An arm, a stamp, and an icon of China joint ventures
This week during its quarterly earnings, SoftBank announced the termination of Nvidia’s acquisition of ARM, the UK-based chip design firm that SoftBank acquired back in 2016. We had discussed this likelihood a few weeks ago in the “Securities” issue “Defense Fordism,” and now that the obvious outcome has been consummated (with SoftBank keeping a $1.25 billion prepayment from Nvidia), ARM now needs to find its financial footing.
That struggle is going to take a while.
ARM replaced its CEO and is now prepping for an IPO. While London is heavily favored by the United Kingdom given the company’s headquarters in Cambridge, ARM is reportedly targeting NASDAQ given the higher valuation multiples it can expect on the American exchange given investor appetite for semiconductor stocks (an appetite which drove Nvidia’s stock price to new heights and made the partially stock-based deal to buy ARM increasingly unattractive).
There’s just one problem: one of ARM’s most valuable financial assets — ARM China, its local operating presence in the country — has turned into a renegade. It’s a sordid tale, a crazy corporate caper complete with a CEO who quite literally grabbed the company’s physical legal seal (which is necessary to conduct business in China) and has been holding it hostage for several years while multiple lawsuits wend their way through the Chinese court system.

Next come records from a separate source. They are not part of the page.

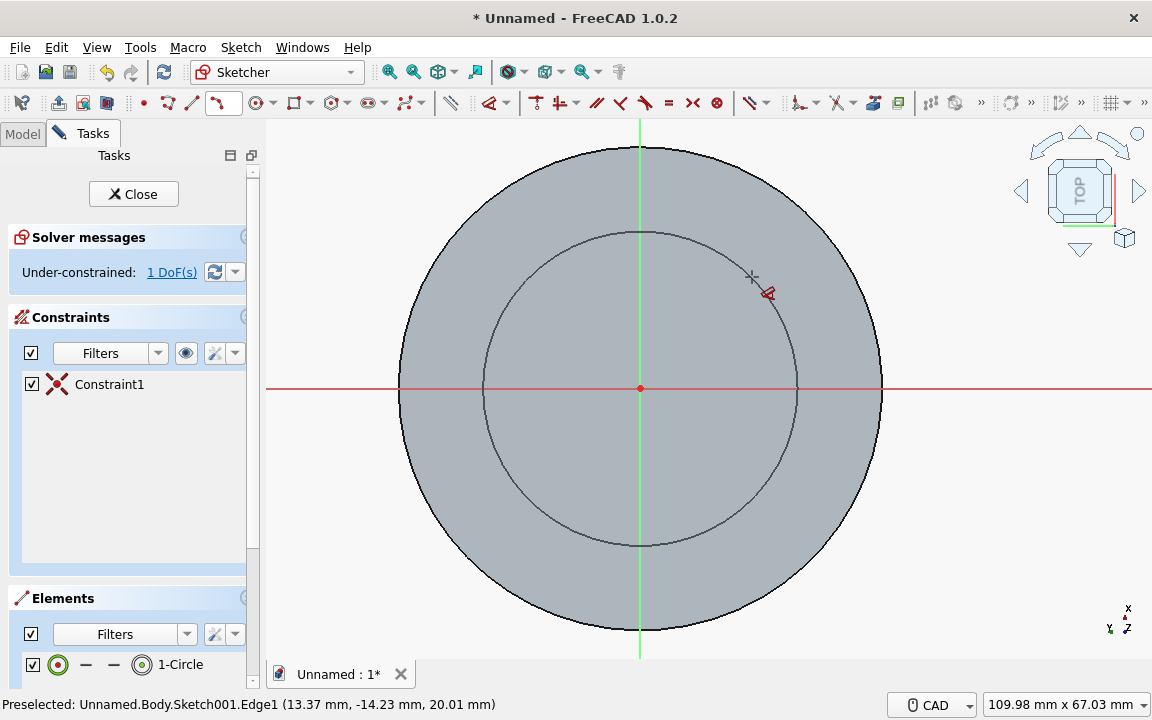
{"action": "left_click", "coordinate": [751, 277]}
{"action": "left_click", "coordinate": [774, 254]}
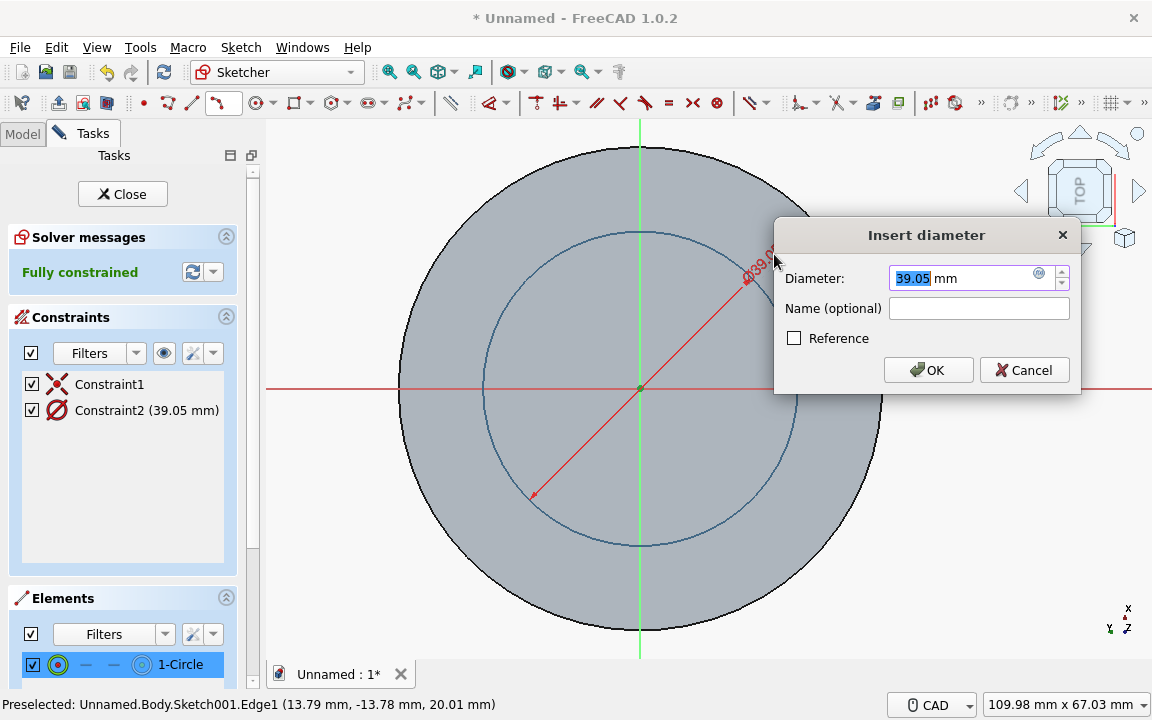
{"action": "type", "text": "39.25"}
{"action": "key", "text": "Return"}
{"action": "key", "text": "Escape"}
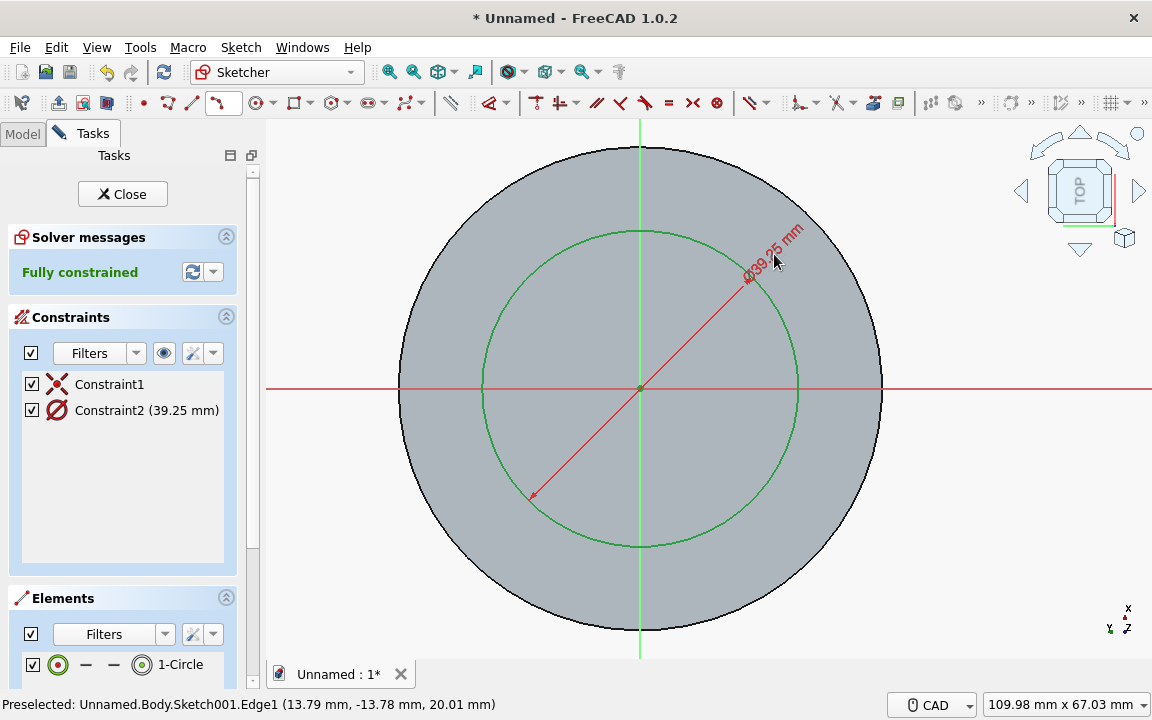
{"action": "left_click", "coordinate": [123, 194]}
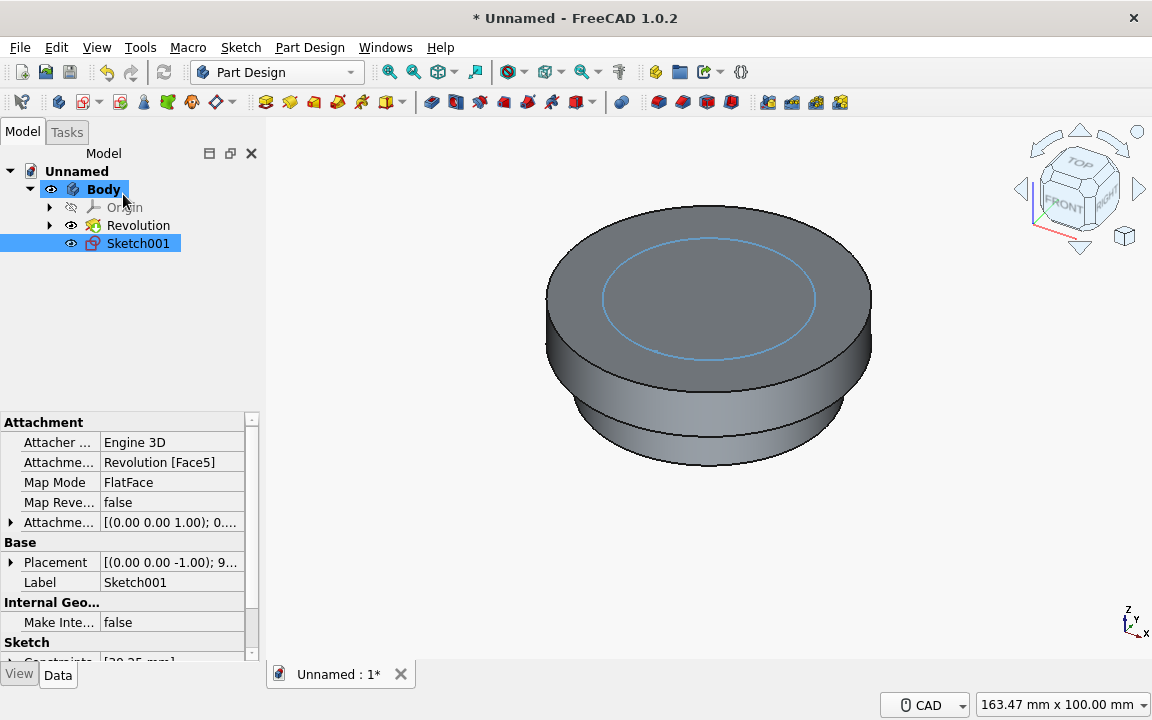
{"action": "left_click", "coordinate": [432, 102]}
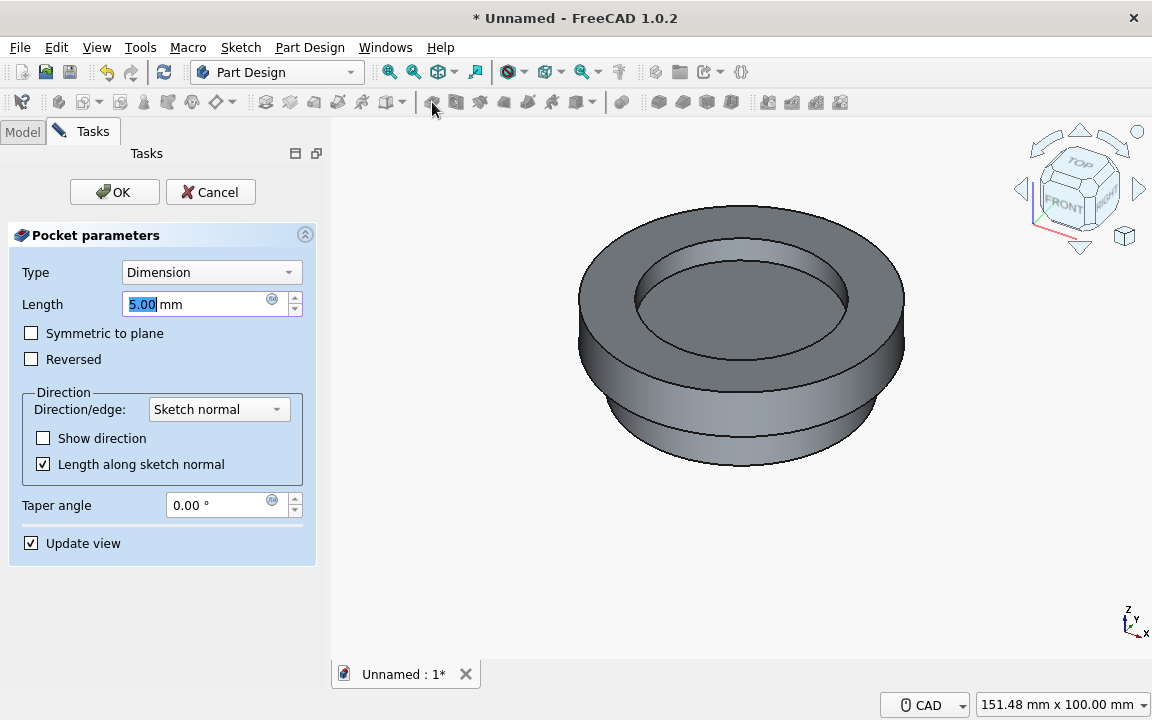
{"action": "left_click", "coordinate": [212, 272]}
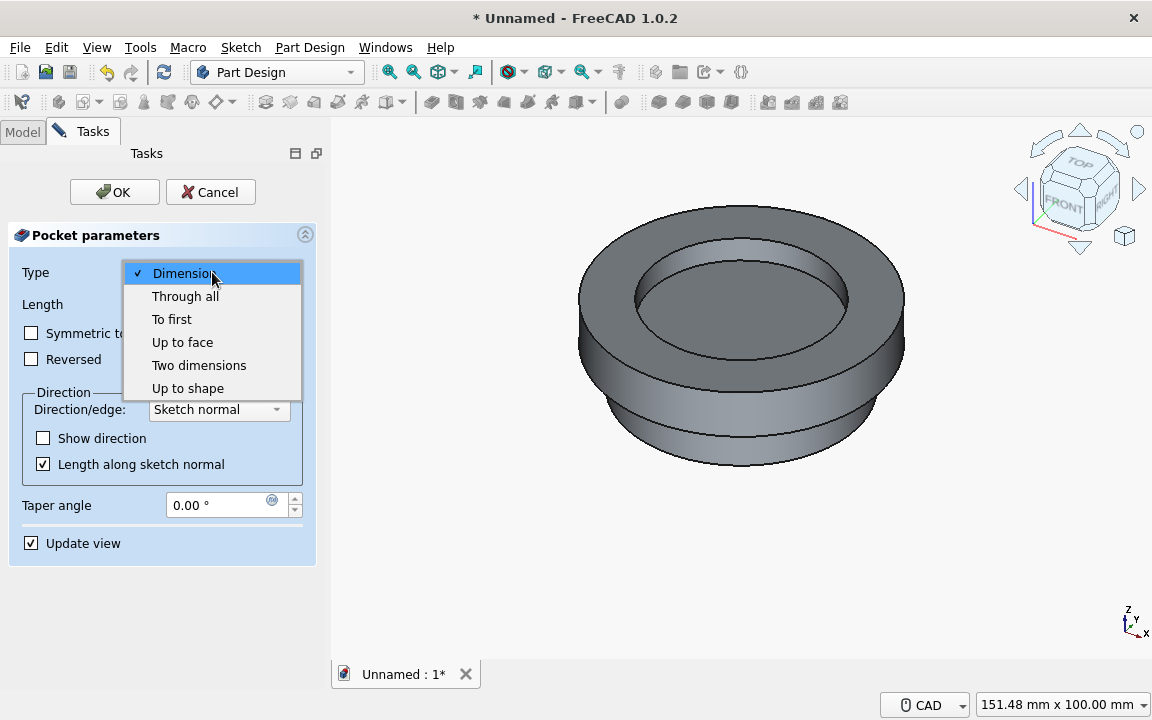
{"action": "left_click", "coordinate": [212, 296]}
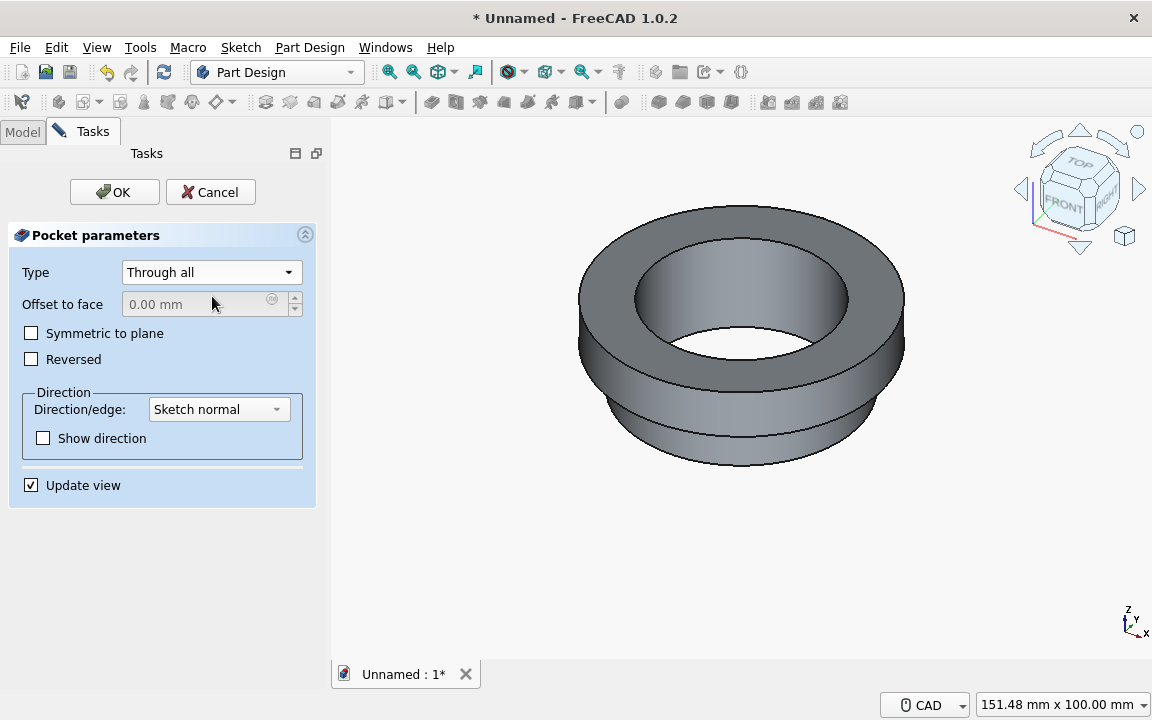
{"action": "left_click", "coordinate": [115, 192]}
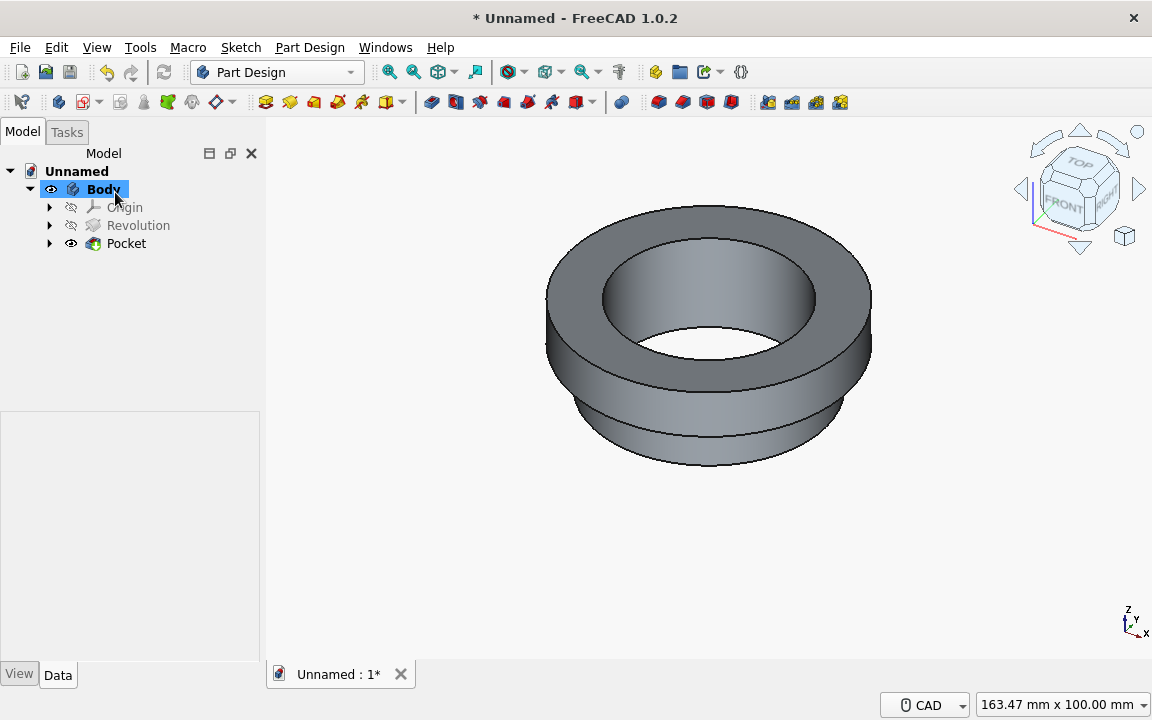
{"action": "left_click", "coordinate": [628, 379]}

On Friday, the Financial Times reported that a third lawsuit has arrived from Allen Wu, the head of ARM China, which further complicates ARM reacquiring the management of its own venture. From the article:
Arm executives admit that “management turmoil” at the Chinese division “needs to get resolved” for [SoftBank Group chair Masayoshi] Son’s plans [to list ARM publicly] to be realised. “Even if we weren’t doing an IPO that would still be something we would be focused on,” said Inder Singh, Arm’s chief financial officer on Tuesday.
With SoftBank desperate for cash from an ARM sale to cover its ballooning debt pile, its leverage over the ARM China negotiations is limited. The result is that ARM will have to offer more concessions to Wu, ARM China, and the Chinese government to resolve the conflict expeditiously — a situation with potentially grave financial implications for ARM and also deleterious geopolitical implications for the United States and Europe.
Yet, that wasn’t the only joint investment venture with China that’s apparently ending in chaos. ICON Aircraft, a startup founded in the mid-2000s that builds an amphibious plane with foldable wings called the A5, is currently being torn asunder by its investors according to reporting in the Wall Street Journal. Two factions have emerged: the Chinese investors centered around Shanghai Pudong Science and Technology Investment Co., a state-backed firm which wanted to license the company’s technology to a mainland affiliate; and on the other side, the founder of the company and American investors who believe that the licensing strategy is designed to pilfer the company’s intellectual property.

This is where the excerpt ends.